Leí este artículo en el blog de Anibal Cuevas, me pareció muy interesante y además es completamente válido lo que dice.

“Leo en

un diario que las principales causas de divorcio o separación son la infidelidad, el poco tiempo que pasan las parejas juntos y las discusiones por el numero de hijos. Me enseñaron que donde hay obstáculos hay oportunidades.Los factores de éxito son pues, mantener la fidelidad, compartir tiempo e ilusiones y haber hablado antes de un asunto tan importantes como los hijos, no solo de tener o no tener sino también de su educación.

El matrimonio, como todo lo que merece la pena, requiere esfuerzo y dedicación y no puede basarse en el azar o la apetencia. Tenemos las causas del fracaso, apliquemos el remedio. ¡Manos a la obra, vale la pena!

Diane Soley de la Universidad de Denver mantiene que gran parte del exito en el matrimonio está en adquirir habilidades para la relación de pareja.
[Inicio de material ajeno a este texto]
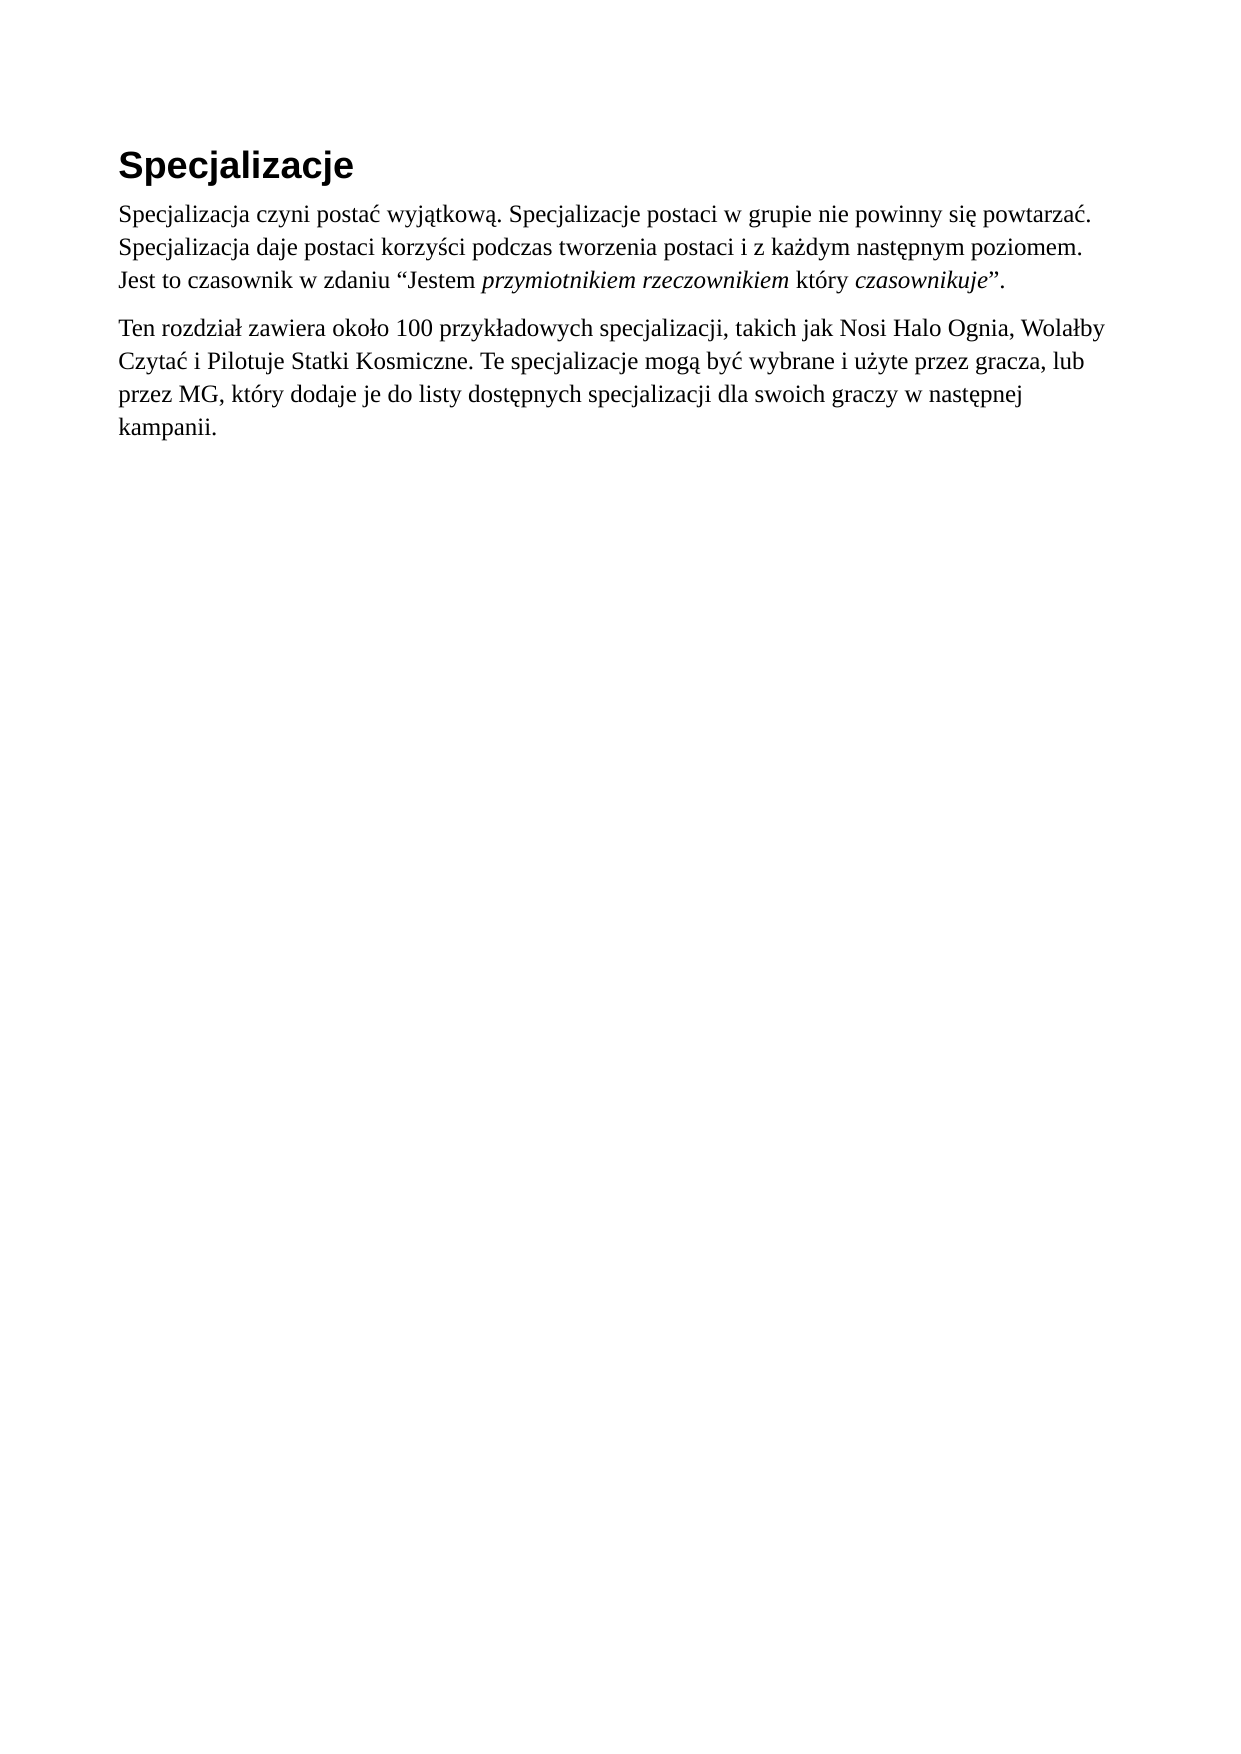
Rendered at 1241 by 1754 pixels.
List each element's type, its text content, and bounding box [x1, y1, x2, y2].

Su estudio indica que la media de fracasos matrimoniales en los tres primeros años ronda el 17% y que sin embargo entre las parejas que han recibido orientación familiar solo fracasan el 2%.

Si se dedicaran recursos a salvar matrimonios, si se empleara un 10% del tiempo que se dedica al deporte a prepararse para tener éxito en el matrimonio, las personas serían mucho mas felices.Creo que independientemente de creencias morales o religiosas, el divorcio no es algo bueno ni para las personas ni para la sociedad.

Detrás de cada matrimonio hay un proyecto personal y común. Cada divorcio es un fracaso de ese proyecto y genera por tanto mucho sufrimiento .Sin embargo pienso que las personas que se divorcian no han pasado necesariamente por mayores dificultades que quienes permanecen casados; simplemente han sabido gestionar peor las situaciones de crisis.

Toda convivencia es difícil y el matrimonio no está libre de esa dificultad. Cuando se apuesta por mantener el matrimonio y se pide la ayuda conveniente las crisis se pueden superar.Salvar el matrimonio supone luchar por él desde el primer día para que no lleguen las crisis o para que cuando lleguen se tenga mayor capacidad de superarlas. Uno de los principales problemas se plantea cuando se piensa y actúa como si el amor y el matrimonio fueran algo autónomo que funciona por inercia y que se defiende sólo.Amar supone esfuerzo, entregar, a veces sufrir y …… siempre ser muy, muy feliz.”